▶ [WORK TO COMPLETE] Transcribe the listing underneath, keeping each word exact and omitting the images.

-------- INFORMATION SHOWN

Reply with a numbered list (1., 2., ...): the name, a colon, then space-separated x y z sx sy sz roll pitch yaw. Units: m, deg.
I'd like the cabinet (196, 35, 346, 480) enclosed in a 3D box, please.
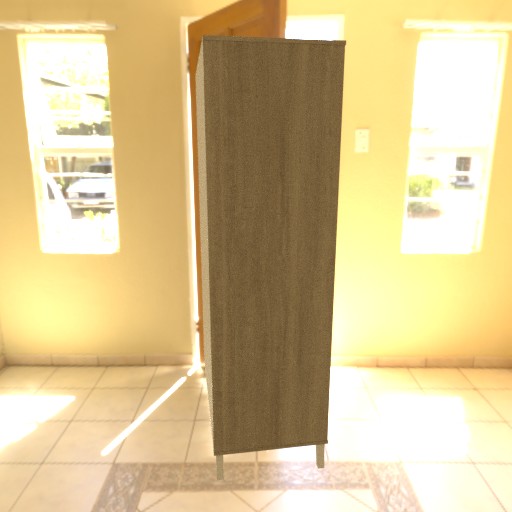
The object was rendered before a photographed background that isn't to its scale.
1. cabinet: 0.000 0.000 2.450 0.571 1.999 1.006 -2 14 -9

----------------

▶ [SOLUTION FOR THIS EXERCISE]
Reply with a numbered list (1., 2., ...): the name, a colon, then space-separated x y z sx sy sz roll pitch yaw. Units: m, deg.
I'd like the cabinet (196, 35, 346, 480) enclosed in a 3D box, please.
The object was rendered before a photographed background that isn't to its scale.
1. cabinet: 0.000 0.000 2.450 0.571 1.999 1.006 -2 14 -9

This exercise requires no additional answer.